BackgroundThe advent of high throughput RNA-seq at the single-cell level has opened up new opportunities to elucidate the heterogeneity of gene expression. One of the most widespread applications of RNA-seq is to identify genes which are differentially expressed between two experimental conditions.ResultsWe present a discrete, distributional method for differential gene expression (D3E), a novel algorithm specifically designed for single-cell RNA-seq data. We use synthetic data to evaluate D3E, demonstrating that it can detect changes in expression, even when the mean level remains unchanged.

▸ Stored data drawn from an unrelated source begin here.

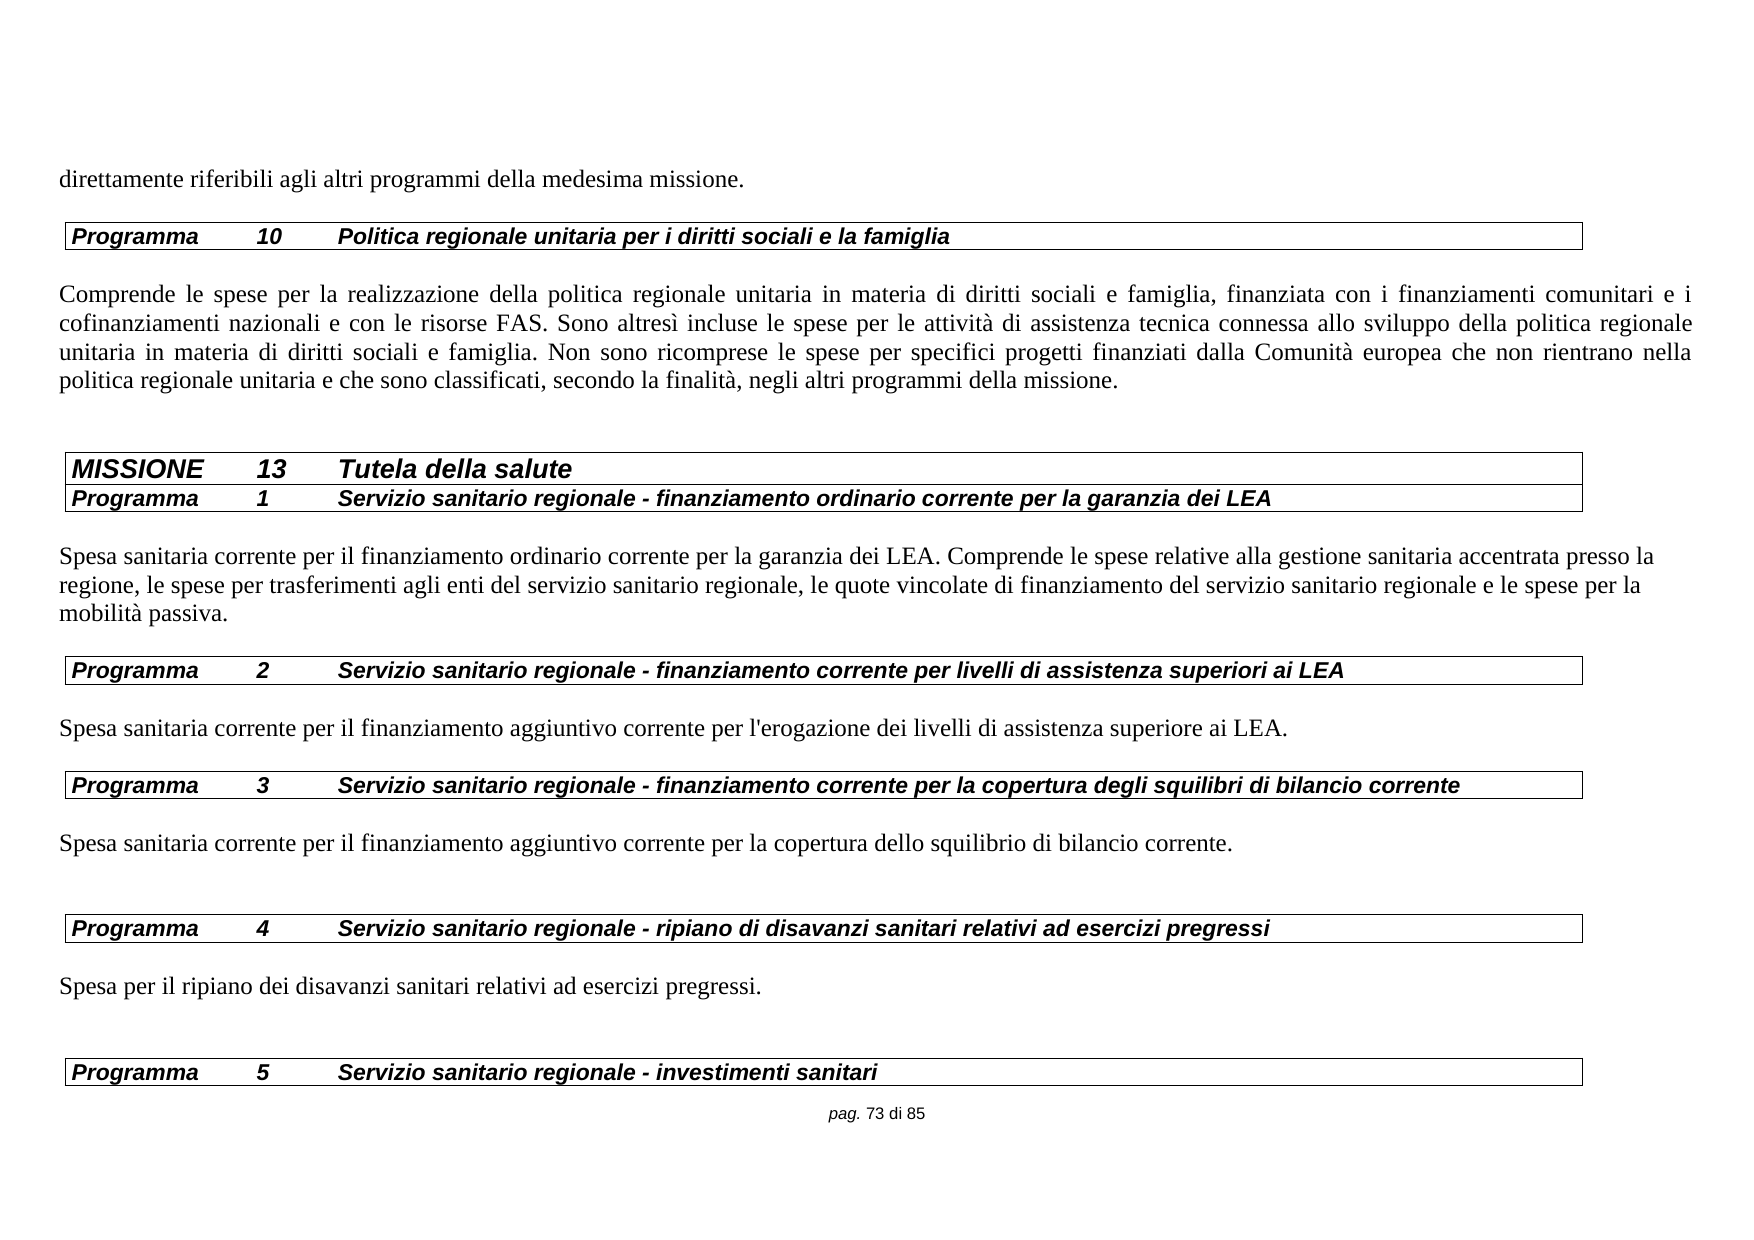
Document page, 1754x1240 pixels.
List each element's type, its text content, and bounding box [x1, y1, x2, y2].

table_header Servizio sanitario regionale - ripiano di disavanzi sanitari relativi ad esercizi pregressi [331, 915, 1582, 942]
table_cell Programma [66, 485, 250, 511]
table_header Programma [66, 915, 250, 942]
table_header 13 [250, 453, 331, 484]
text Spesa sanitaria corrente per il finanziamento aggiuntivo corrente per l'erogazione dei livelli di assistenza superiore ai LEA. [59, 713, 1695, 742]
table_header 2 [250, 657, 331, 683]
table_header Servizio sanitario regionale - finanziamento corrente per la copertura degli squilibri di bilancio corrente [331, 772, 1582, 798]
table_header 4 [250, 915, 331, 942]
text Comprende le spese per la realizzazione della politica regionale unitaria in materia di diritti sociali e famiglia, finanziata con i finanziamenti comunitari e i cofinanziamenti nazionali e con le risorse FAS. Sono altresì incluse le spese per le attività di assistenza tecnica connessa allo sviluppo della politica regionale unitaria in materia di diritti sociali e famiglia. Non sono ricomprese le spese per specifici progetti finanziati dalla Comunità europea che non rientrano nella politica regionale unitaria e che sono classificati, secondo la finalità, negli altri programmi della missione. [59, 279, 1695, 394]
table_header Programma [66, 772, 250, 798]
table_header 10 [250, 223, 331, 249]
text Spesa sanitaria corrente per il finanziamento aggiuntivo corrente per la copertura dello squilibrio di bilancio corrente. [59, 828, 1695, 857]
table_header Servizio sanitario regionale - finanziamento corrente per livelli di assistenza superiori ai LEA [331, 657, 1582, 683]
table_header Servizio sanitario regionale - investimenti sanitari [331, 1059, 1582, 1085]
table_header Programma [66, 657, 250, 683]
table_header 3 [250, 772, 331, 798]
table_cell Servizio sanitario regionale - finanziamento ordinario corrente per la garanzia dei LEA [331, 485, 1582, 511]
text Spesa per il ripiano dei disavanzi sanitari relativi ad esercizi pregressi. [59, 971, 1695, 1000]
table_header Programma [66, 1059, 250, 1085]
table_header MISSIONE [66, 453, 250, 484]
table_cell 1 [250, 485, 331, 511]
text Spesa sanitaria corrente per il finanziamento ordinario corrente per la garanzia dei LEA. Comprende le spese relative alla gestione sanitaria accentrata presso la regione, le spese per trasferimenti agli enti del servizio sanitario regionale, le quote vincolate di finanziamento del servizio sanitario regionale e le spese per la mobilità passiva. [59, 541, 1695, 627]
table_header 5 [250, 1059, 331, 1085]
text direttamente riferibili agli altri programmi della medesima missione. [59, 164, 1695, 193]
table_header Tutela della salute [331, 453, 1582, 484]
table_header Programma [66, 223, 250, 249]
table_header Politica regionale unitaria per i diritti sociali e la famiglia [331, 223, 1582, 249]

Since D3E is based on an analytically tractable stochastic model, it provides additional biological insights by quantifying biologically meaningful properties, such as the average burst size and frequency. We use D3E to investigate experimental data, and with the help of the underlying model, we directly test hypotheses about the driving mechanism behind changes in gene expression.ConclusionEvaluation using synthetic data shows that D3E performs better than other methods for identifying differentially expressed genes since it is designed to take full advantage of the information available from single-cell RNA-seq experiments. Moreover, the analytical model underlying D3E makes it possible to gain additional biological insights.

[1]  Alexander van Oudenaarden,et al.  Variability in gene expression underlies incomplete penetrance , 2009, Nature.

[2]  Y. Benjamini,et al.  Controlling the false discovery rate: a practical and powerful approach to multiple testing , 1995 .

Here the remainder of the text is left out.